C’était d’un tragique inattendu. L’homme bourrait machinalement sa pipe.

— Si je ne croyais pas que ces gens-là…

— Vous connaissiez bien Joseph Peeters ?

Et Piedbœuf détournait la tête.

— Je savais qu’il ne l’épouserait pas… Ce sont des gens riches… Et nous…

Il y avait au mur une belle horloge électrique, seul luxe de cet abri. En face un tableau noir, sur lequel on avait écrit à la craie : pas d’embauche.

Près de la porte enfin, un appareil compliqué, pour enregistrer à l’aide d’une grande roue l’heure d’entrée et de sortie du personnel.

— C’est l’heure de la ronde…

Maigret faillit lui proposer de la faire avec lui, pour pénétrer plus avant dans la vie de cet homme. Piedbœuf endossait un ciré informe qui lui battait les talons, prenait dans un coin une lanterne-tempête tout allumée, dont il n’eut qu’à relever la mèche.

— Je ne comprends pas pourquoi vous êtes contre nous… C’est peut-être naturel, après tout !… Gérard dit que…

Mais la pluie les interrompit, car ils atteignaient la cour. Piedbœuf conduisit son hôte jusqu’à la grille qu’il allait refermer avant de faire sa ronde.
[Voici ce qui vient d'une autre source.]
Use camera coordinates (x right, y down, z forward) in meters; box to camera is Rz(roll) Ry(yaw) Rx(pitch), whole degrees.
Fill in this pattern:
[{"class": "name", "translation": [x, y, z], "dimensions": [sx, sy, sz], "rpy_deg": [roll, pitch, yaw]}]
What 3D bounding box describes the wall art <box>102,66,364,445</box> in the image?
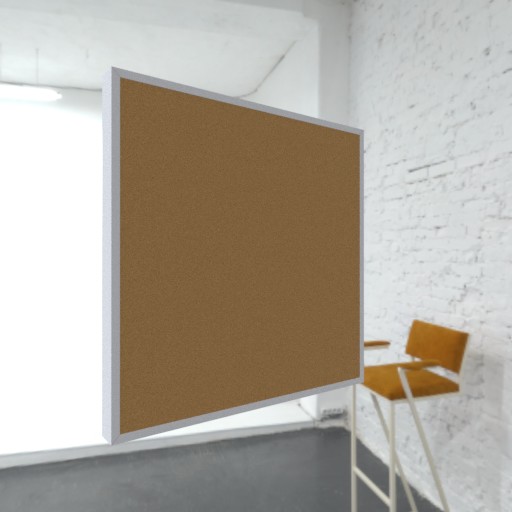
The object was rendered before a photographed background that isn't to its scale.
[{"class": "wall art", "translation": [0.000, 0.000, 0.760], "dimensions": [0.509, 0.509, 0.040], "rpy_deg": [0, 0, -36]}]
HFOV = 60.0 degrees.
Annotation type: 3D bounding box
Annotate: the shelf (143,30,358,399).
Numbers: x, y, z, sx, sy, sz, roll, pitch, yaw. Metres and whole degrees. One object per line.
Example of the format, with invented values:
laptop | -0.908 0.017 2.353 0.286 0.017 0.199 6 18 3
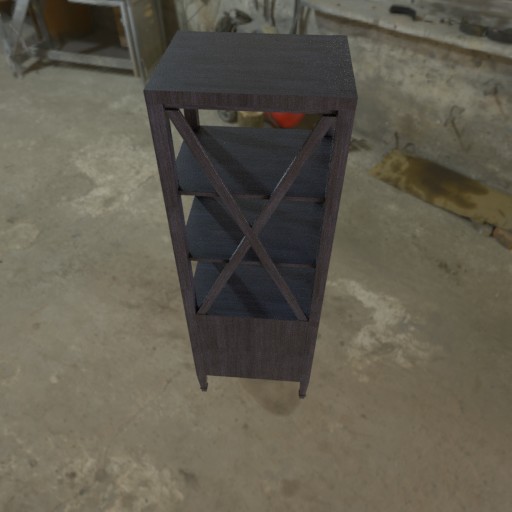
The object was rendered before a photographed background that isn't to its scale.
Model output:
shelf | 0.000 0.000 1.979 0.584 1.727 0.472 3 46 3
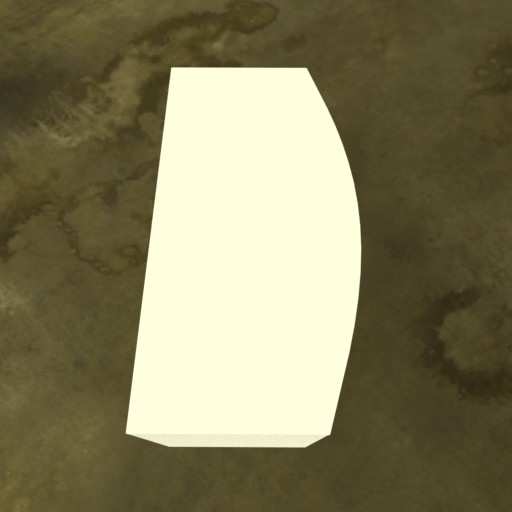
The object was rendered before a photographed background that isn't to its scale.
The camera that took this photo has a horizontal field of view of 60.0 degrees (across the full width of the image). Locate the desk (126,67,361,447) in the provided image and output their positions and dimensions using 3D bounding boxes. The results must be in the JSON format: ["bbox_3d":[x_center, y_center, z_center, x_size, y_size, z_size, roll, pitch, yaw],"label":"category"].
[{"bbox_3d":[0.000,0.000,2.065,0.802,0.750,1.600,0,64,0],"label":"desk"}]
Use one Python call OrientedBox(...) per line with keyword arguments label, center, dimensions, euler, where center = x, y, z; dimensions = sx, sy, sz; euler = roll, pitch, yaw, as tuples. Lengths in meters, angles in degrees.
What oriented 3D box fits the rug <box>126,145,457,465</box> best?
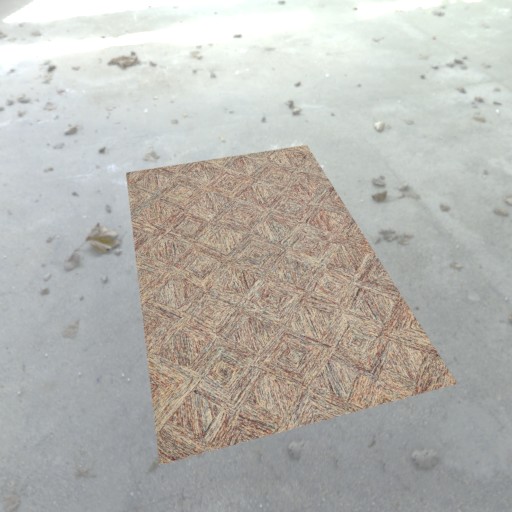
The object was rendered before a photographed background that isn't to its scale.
OrientedBox(label="rug", center=(0.000, 0.000, 2.899), dimensions=(1.523, 0.019, 2.285), euler=(-11, 48, -10))

Un étonnement de plus pour le commissaire. De là, il apercevait un paysage coupé en tranches égales par les barreaux de fer : les péniches amarrées de l’autre côté du fleuve, la maison des Flamands et sa vitrine éclairée, le quai où des lampes électriques dessinaient de cinquante en cinquante mètres des cercles de lumière.